Shortly after announcing his withdrawal from the race, Biden issued a statement endorsing his vice-president, Kamala Harris, for the top of the ticket. The move was canny, avoiding a chaotic contest, cutting off bizarre and destructive fantasies of a so-called “blitz primary” and effectively sealing Harris’s nomination ahead of the convention in Chicago next month. The move will also allow the new ticket to claim credit for Biden’s accomplishments – like a fundamentally strong economy, a cap on insulin costs, an explosion in green energy production, and a broad and popular climate and jobs bill – while being able to pivot away and recalibrate on some of Biden’s most unpopular or morally indefensible choices, like his support for Israel’s genocidal war on Palestinians in Gaza.

The move also reverses the role that the vulnerability of age plays in the race. At 59, Harris is not a young woman, but she is downright spry by the standards of elite American politicians. Trump, by contrast, is 78, a rambling, largely incoherent speaker, and visibly weaker than when he first began running for president nearly 10 years ago, in 2015. Trump has always practiced a politics of masculine domination, and his petty little virility displays – like looming over Hillary Clinton in the third presidential debate in 2016 – have long led liberals to fear that a woman could not defeat him; this, too, was part of Biden’s pitch to voters in the 2020 primary.

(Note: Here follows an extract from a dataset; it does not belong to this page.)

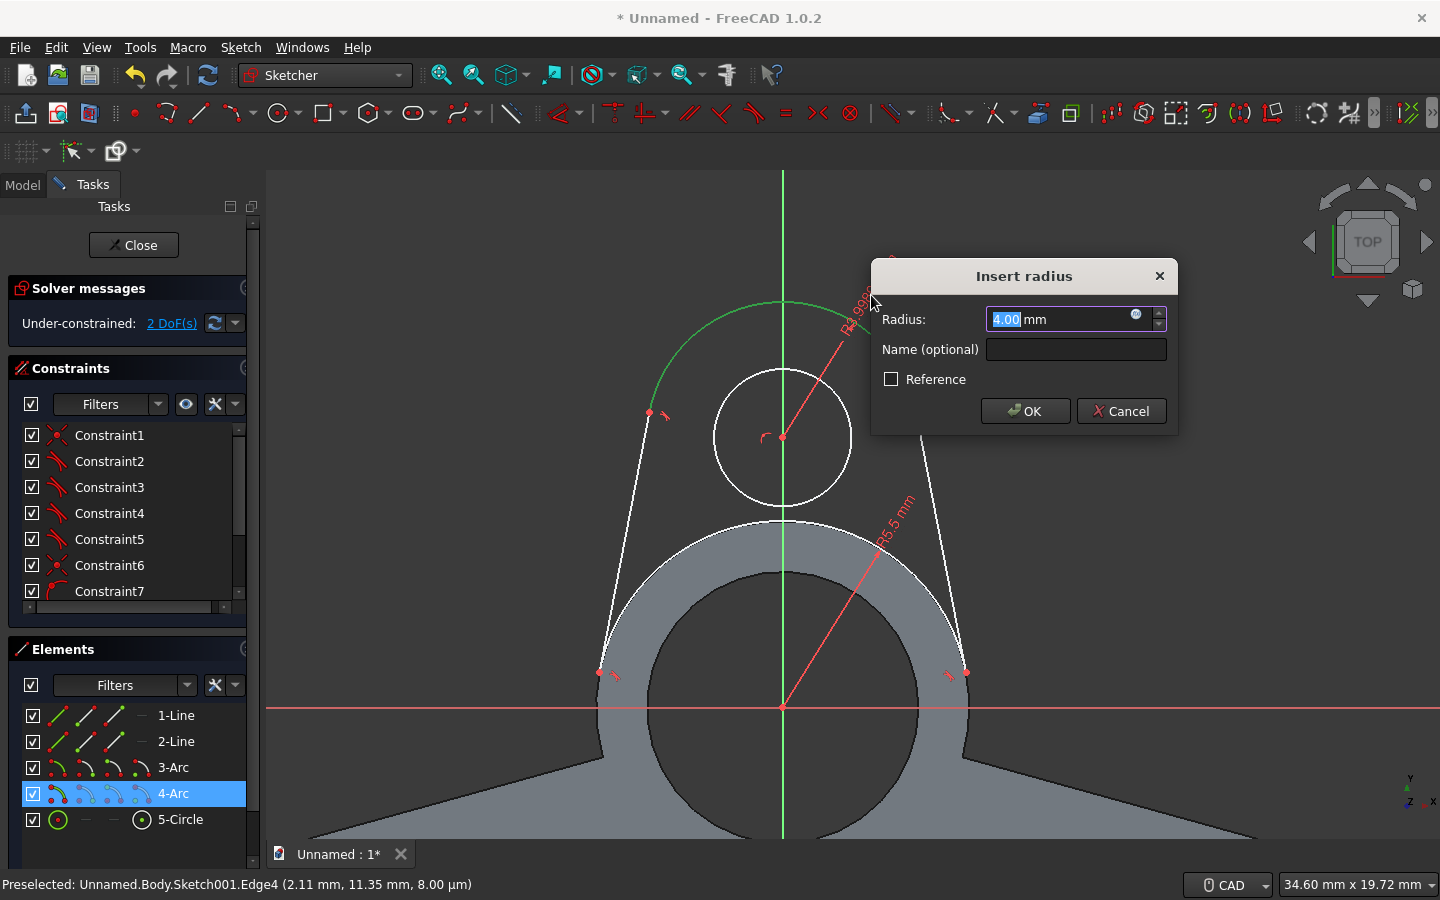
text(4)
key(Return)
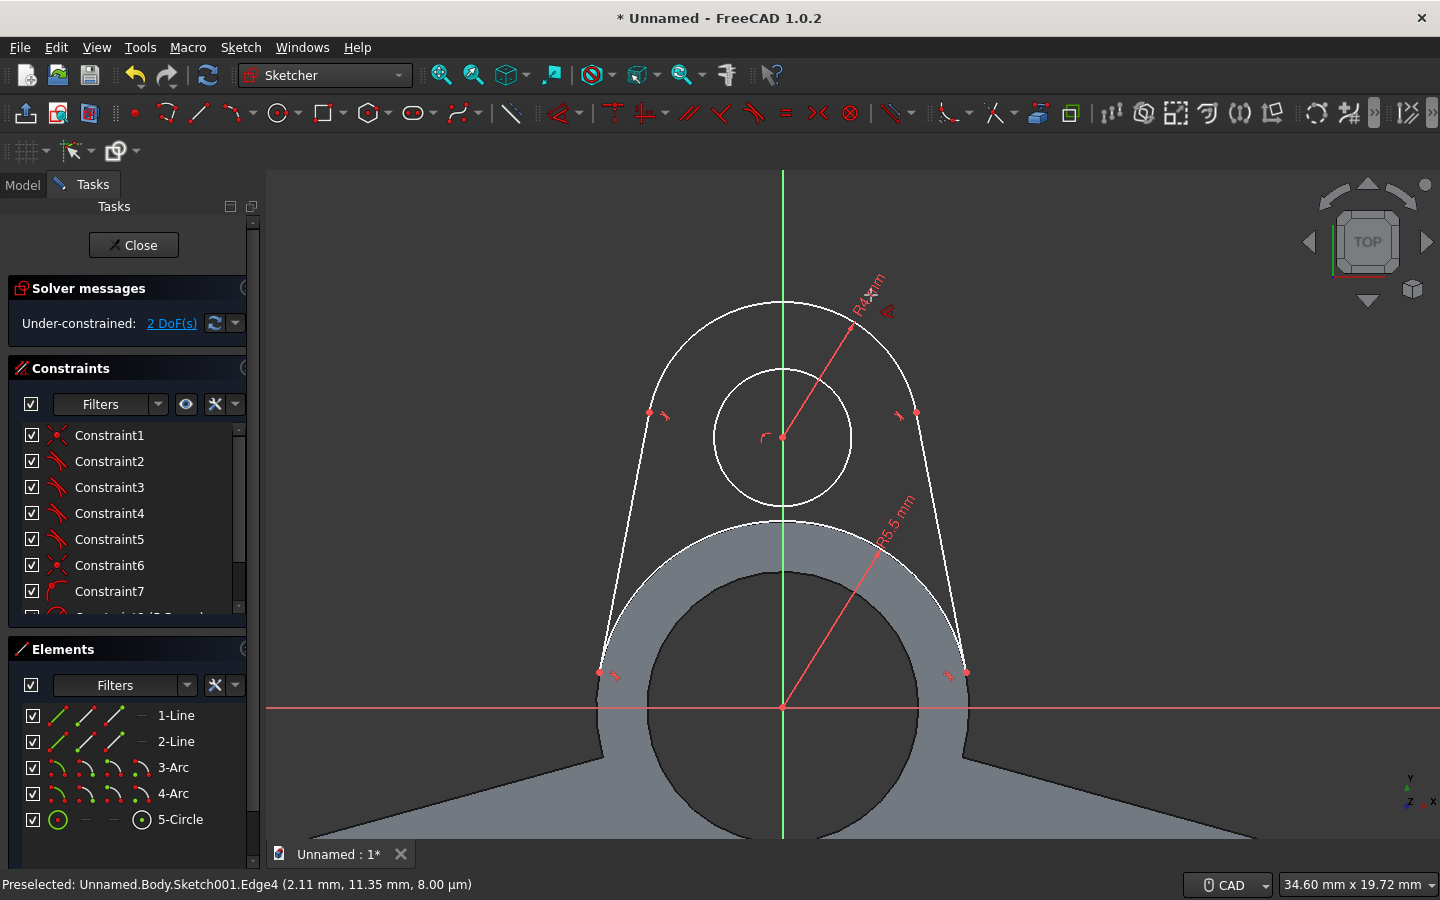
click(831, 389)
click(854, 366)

But Trump is not the figure he once was. He is tired and diminished, less focused and energetic, burdened by bad press from lawsuits (like the one in which he was found liable for the sexual assault of E Jean Carroll) and prosecutions (like the one in which he was convicted of 34 felonies). He is burdened, too, by bitterness and grievance, devoting good chunks of most public appearances to enumerating the various people he hates and how he has been wronged. He is unpopular, unpleasant, undisciplined and unappealing. He is the reason why Roe v Wade was overturned, and he wants to be a dictator. He is eminently beatable. And finally, Democrats may have a nominee who can beat him.

Most importantly, with Biden out and Harris stepping up to the plate, the Democrats may now have a candidate who is an eloquent, comfortable and active advocate for an issue that Biden was never able to persuasively campaign for: abortion rights. Biden shied away from abortion, and his discomfort was dragging Democrats down, leaving a public health crisis, a civil rights emergency and a crucial Republican liability on the table. With that issue now squarely on the agenda, the race will be dramatically changed.

• This article was amended on 23 July 2024. Donald Trump was convicted of 34 felonies, not 38 as a previous version stated.